→ **Work item**
Repeat the data below in full. Pictures must not be part of the copy.

[Collected data]
============
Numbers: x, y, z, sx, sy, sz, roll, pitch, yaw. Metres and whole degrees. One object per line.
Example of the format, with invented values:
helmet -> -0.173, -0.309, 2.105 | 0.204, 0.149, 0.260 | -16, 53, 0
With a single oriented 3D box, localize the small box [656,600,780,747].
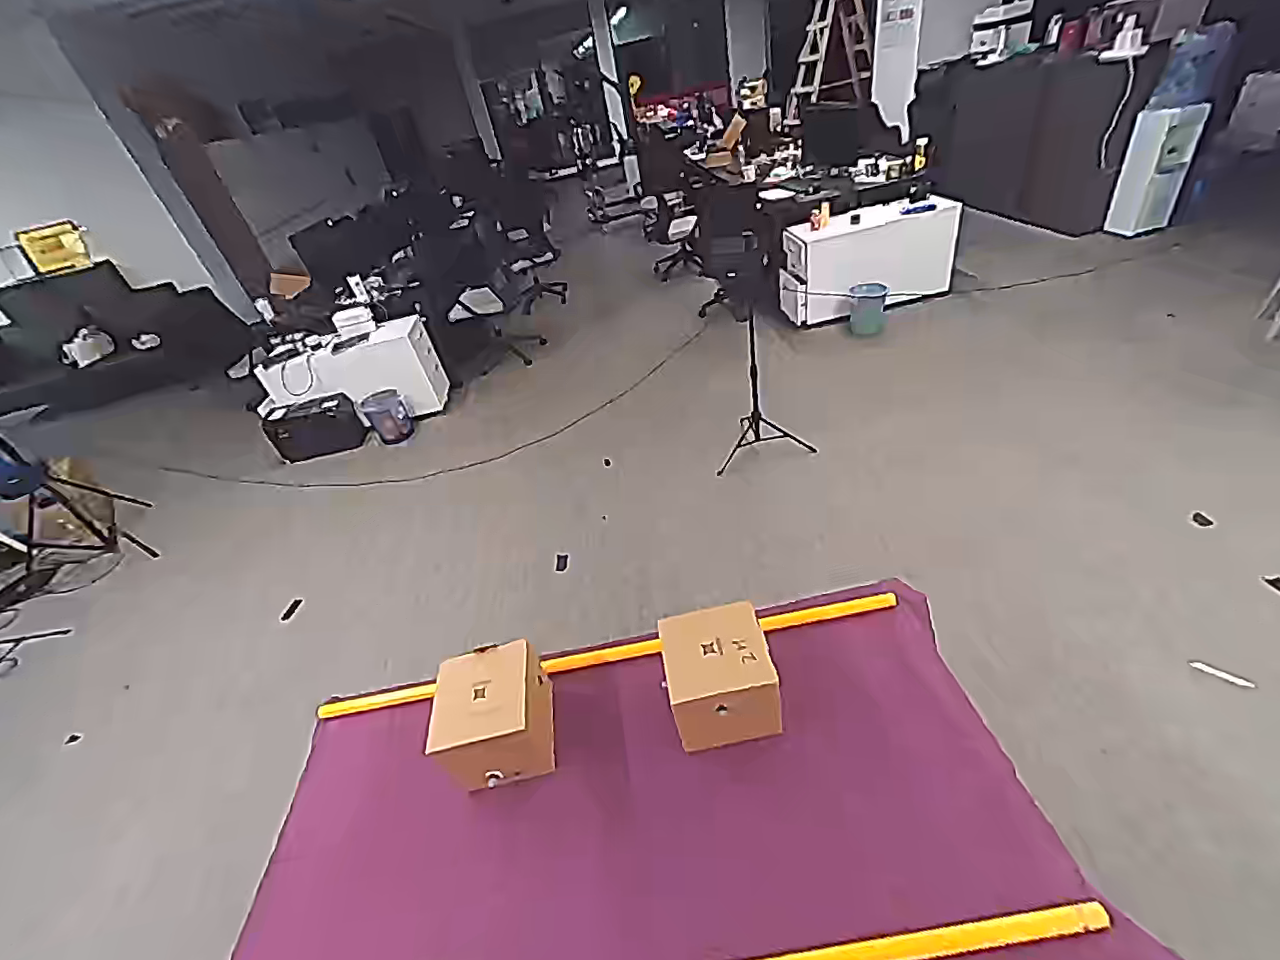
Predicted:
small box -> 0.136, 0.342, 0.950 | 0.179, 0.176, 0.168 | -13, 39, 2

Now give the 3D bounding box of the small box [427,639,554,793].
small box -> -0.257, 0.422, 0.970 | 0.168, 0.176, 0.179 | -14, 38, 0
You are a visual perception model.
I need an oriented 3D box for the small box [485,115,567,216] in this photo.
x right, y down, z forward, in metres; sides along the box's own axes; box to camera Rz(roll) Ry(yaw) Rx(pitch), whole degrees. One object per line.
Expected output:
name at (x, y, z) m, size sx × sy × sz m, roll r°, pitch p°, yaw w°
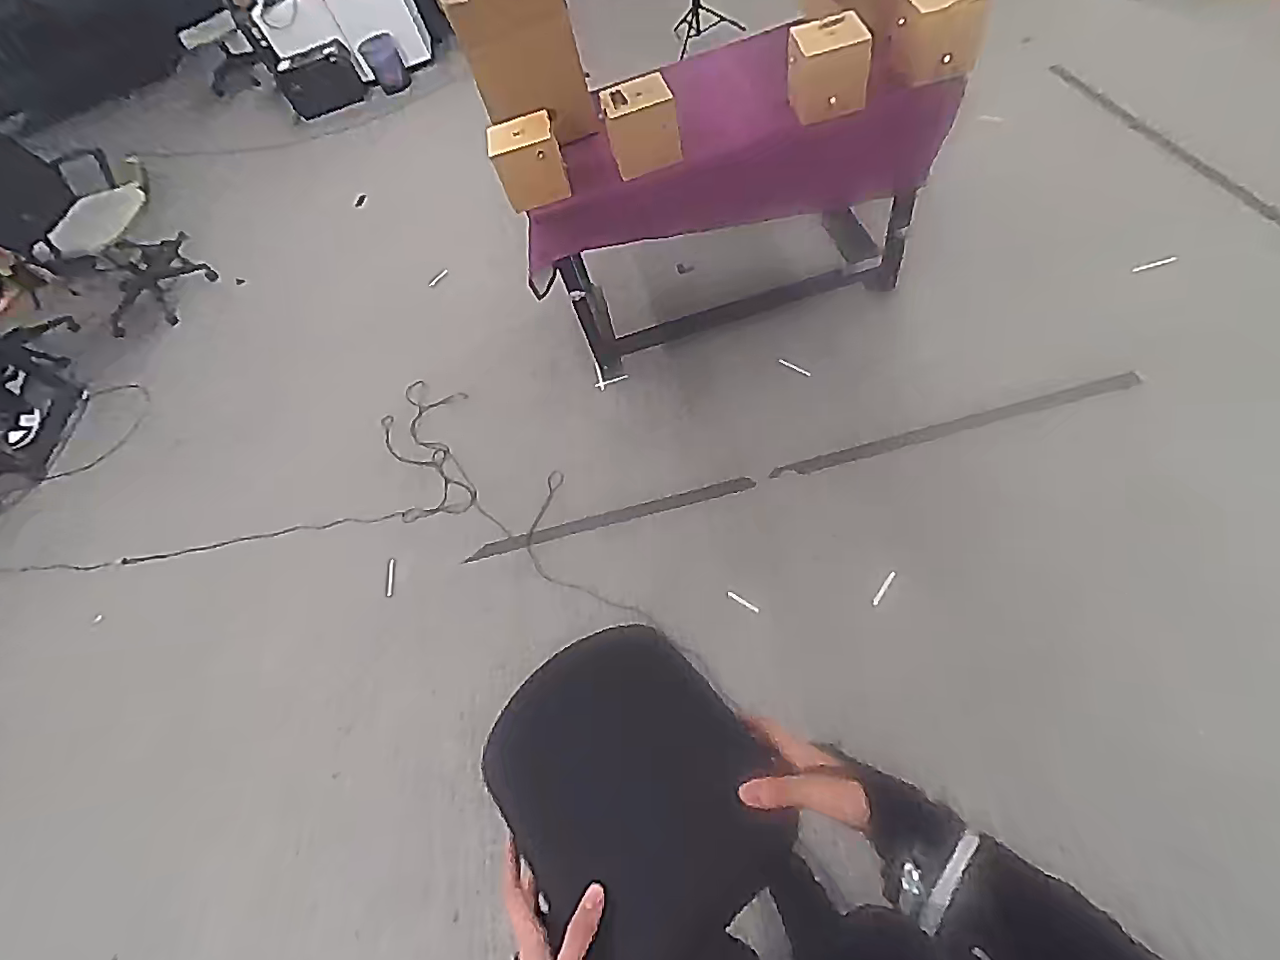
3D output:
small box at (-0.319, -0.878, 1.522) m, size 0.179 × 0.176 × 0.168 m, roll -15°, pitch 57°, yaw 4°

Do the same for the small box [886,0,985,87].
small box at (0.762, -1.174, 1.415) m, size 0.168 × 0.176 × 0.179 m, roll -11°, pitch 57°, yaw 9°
============
→ **Solution to the problem**
Numbers: x, y, z, sx, sy, sz, roll, pitch, yaw. Metres and whole degrees. One object per line.
Example of the format, with invented values:
helmet -> -0.173, -0.309, 2.105 | 0.204, 0.149, 0.260 | -16, 53, 0
With a single oriented 3D box, localize the small box [656,600,780,747].
Predicted:
small box -> 0.136, 0.342, 0.950 | 0.179, 0.176, 0.168 | -13, 39, 2

Now give the 3D bounding box of the small box [427,639,554,793].
small box -> -0.257, 0.422, 0.970 | 0.168, 0.176, 0.179 | -14, 38, 0
You are a visual perception model.
I need an oriented 3D box for the small box [485,115,567,216] in this photo.
x right, y down, z forward, in metres; sides along the box's own axes; box to camera Rz(roll) Ry(yaw) Rx(pitch), whole degrees. One object per line.
Expected output:
name at (x, y, z) m, size sx × sy × sz m, roll r°, pitch p°, yaw w°
3D output:
small box at (-0.319, -0.878, 1.522) m, size 0.179 × 0.176 × 0.168 m, roll -15°, pitch 57°, yaw 4°

Do the same for the small box [886,0,985,87].
small box at (0.762, -1.174, 1.415) m, size 0.168 × 0.176 × 0.179 m, roll -11°, pitch 57°, yaw 9°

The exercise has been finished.